At $42, the CC tinted serum positions itself above drugstore BB and CC options but well within the range of department store tinted serums that have become a staple in the skin-first makeup movement. It’s available at Sephora, Ulta, and Tarte’s own website, which gives it broad retail distribution from launch – not a limited drop, not a waitlist situation. It’s just available, and that accessibility is part of what makes it worth paying attention to rather than waiting to see what happens.
Skin Tints Took Over, But They Left a Gap
The current dominance of skin tints and sheer foundations is real, but it created a specific problem: skin tints are often too sheer to address anything visible. If your skin is genuinely even-toned and untroubled, a skin tint is enough. For anyone dealing with persistent redness, uneven pigmentation, or under-eye shadows, a skin tint delivers a wash of color without actually correcting anything. The CC format, done properly, works differently – it targets the discoloration rather than sitting on top of it.

Tarte is betting that enough people have reached the ceiling of what skin tints can do and want something with slightly more function – not more coverage, more intelligence about where coverage is needed.

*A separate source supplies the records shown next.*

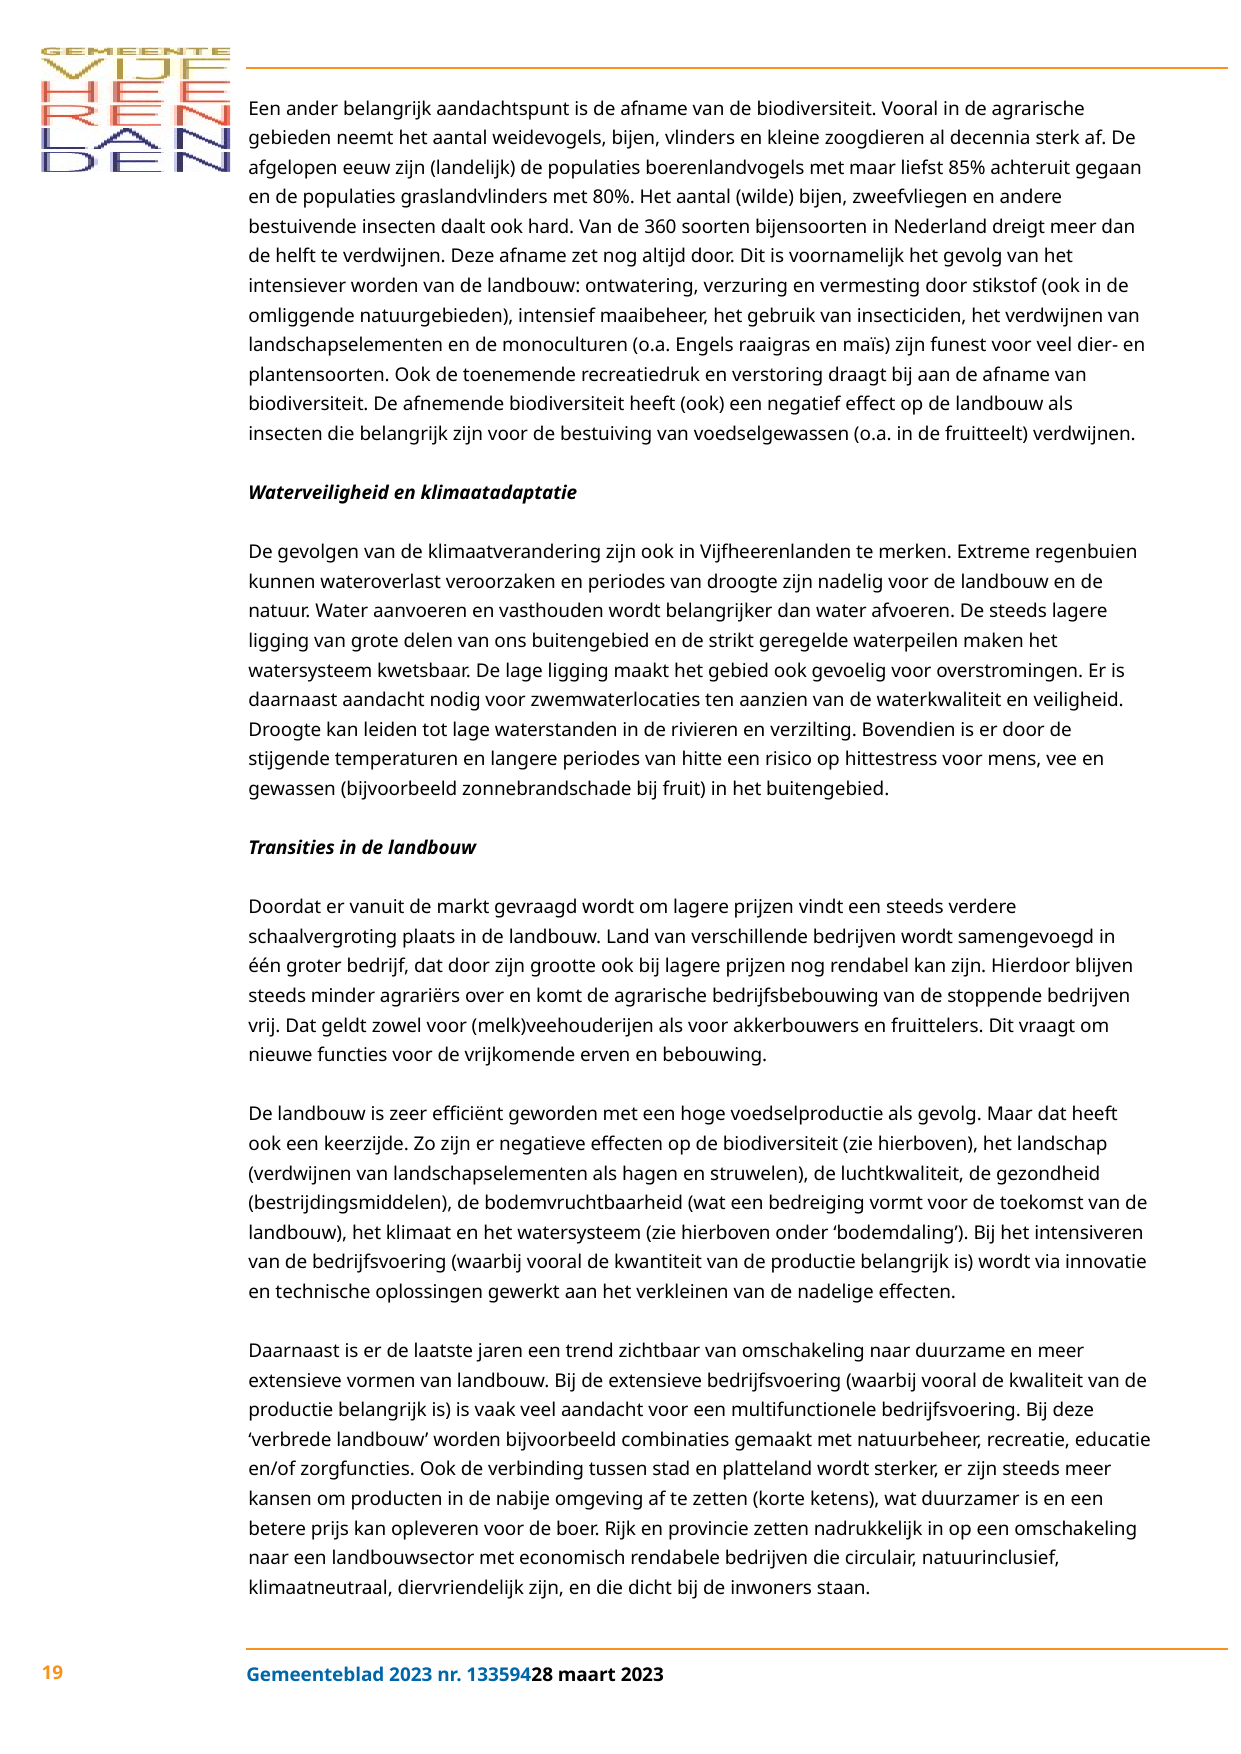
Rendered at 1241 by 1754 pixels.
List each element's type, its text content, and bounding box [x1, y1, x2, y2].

text De landbouw is zeer efficiënt geworden met een hoge voedselproductie als gevolg. Maar dat heeft ook een keerzijde. Zo zijn er negatieve effecten op de biodiversiteit (zie hierboven), het landschap (verdwijnen van landschapselementen als hagen en struwelen), de luchtkwaliteit, de gezondheid (bestrijdingsmiddelen), de bodemvruchtbaarheid (wat een bedreiging vormt voor de toekomst van de landbouw), het klimaat en het watersysteem (zie hierboven onder ‘bodemdaling’). Bij het intensiveren van de bedrijfsvoering (waarbij vooral de kwantiteit van de productie belangrijk is) wordt via innovatie en technische oplossingen gewerkt aan het verkleinen van de nadelige effecten. [248, 1101, 1152, 1304]
text De gevolgen van de klimaatverandering zijn ook in Vijfheerenlanden te merken. Extreme regenbuien kunnen wateroverlast veroorzaken en periodes van droogte zijn nadelig voor de landbouw en de natuur. Water aanvoeren en vasthouden wordt belangrijker dan water afvoeren. De steeds lagere ligging van grote delen van ons buitengebied en de strikt geregelde waterpeilen maken het watersysteem kwetsbaar. De lage ligging maakt het gebied ook gevoelig voor overstromingen. Er is daarnaast aandacht nodig voor zwemwaterlocaties ten aanzien van de waterkwaliteit en veiligheid. Droogte kan leiden tot lage waterstanden in de rivieren en verzilting. Bovendien is er door de stijgende temperaturen en langere periodes van hitte een risico op hittestress voor mens, vee en gewassen (bijvoorbeeld zonnebrandschade bij fruit) in het buitengebied. [248, 538, 1152, 801]
picture [41, 47, 231, 172]
text Daarnaast is er de laatste jaren een trend zichtbaar van omschakeling naar duurzame en meer extensieve vormen van landbouw. Bij de extensieve bedrijfsvoering (waarbij vooral de kwaliteit van de productie belangrijk is) is vaak veel aandacht voor een multifunctionele bedrijfsvoering. Bij deze ‘verbrede landbouw’ worden bijvoorbeeld combinaties gemaakt met natuurbeheer, recreatie, educatie en/of zorgfuncties. Ook de verbinding tussen stad en platteland wordt sterker, er zijn steeds meer kansen om producten in de nabije omgeving af te zetten (korte ketens), wat duurzamer is en een betere prijs kan opleveren voor de boer. Rijk en provincie zetten nadrukkelijk in op een omschakeling naar een landbouwsector met economisch rendabele bedrijven die circulair, natuurinclusief, klimaatneutraal, diervriendelijk zijn, en die dicht bij de inwoners staan. [248, 1337, 1152, 1600]
text Een ander belangrijk aandachtspunt is de afname van de biodiversiteit. Vooral in de agrarische gebieden neemt het aantal weidevogels, bijen, vlinders en kleine zoogdieren al decennia sterk af. De afgelopen eeuw zijn (landelijk) de populaties boerenlandvogels met maar liefst 85% achteruit gegaan en de populaties graslandvlinders met 80%. Het aantal (wilde) bijen, zweefvliegen en andere bestuivende insecten daalt ook hard. Van de 360 soorten bijensoorten in Nederland dreigt meer dan de helft te verdwijnen. Deze afname zet nog altijd door. Dit is voornamelijk het gevolg van het intensiever worden van de landbouw: ontwatering, verzuring en vermesting door stikstof (ook in de omliggende natuurgebieden), intensief maaibeheer, het gebruik van insecticiden, het verdwijnen van landschapselementen en de monoculturen (o.a. Engels raaigras en maïs) zijn funest voor veel dier- en plantensoorten. Ook de toenemende recreatiedruk en verstoring draagt bij aan de afname van biodiversiteit. De afnemende biodiversiteit heeft (ook) een negatief effect op de landbouw als insecten die belangrijk zijn voor de bestuiving van voedselgewassen (o.a. in de fruitteelt) verdwijnen. [248, 95, 1152, 446]
text Waterveiligheid en klimaatadaptatie [248, 479, 1152, 505]
text Transities in de landbouw [248, 834, 1152, 860]
text Doordat er vanuit de markt gevraagd wordt om lagere prijzen vindt een steeds verdere schaalvergroting plaats in de landbouw. Land van verschillende bedrijven wordt samengevoegd in één groter bedrijf, dat door zijn grootte ook bij lagere prijzen nog rendabel kan zijn. Hierdoor blijven steeds minder agrariërs over en komt de agrarische bedrijfsbebouwing van de stoppende bedrijven vrij. Dat geldt zowel voor (melk)veehouderijen als voor akkerbouwers en fruittelers. Dit vraagt om nieuwe functies voor de vrijkomende erven en bebouwing. [248, 893, 1152, 1067]

Whether the encapsulated pigment technology delivers consistently across the full six-shade range, or whether it works beautifully at some tones and struggles at others, is the question that doesn’t have a full answer yet. That’s not a flaw in the product so much as the persistent limitation of “adapts to your skin tone” as a claim – it has a history of performing unevenly, and Tarte’s version will be held to the same scrutiny.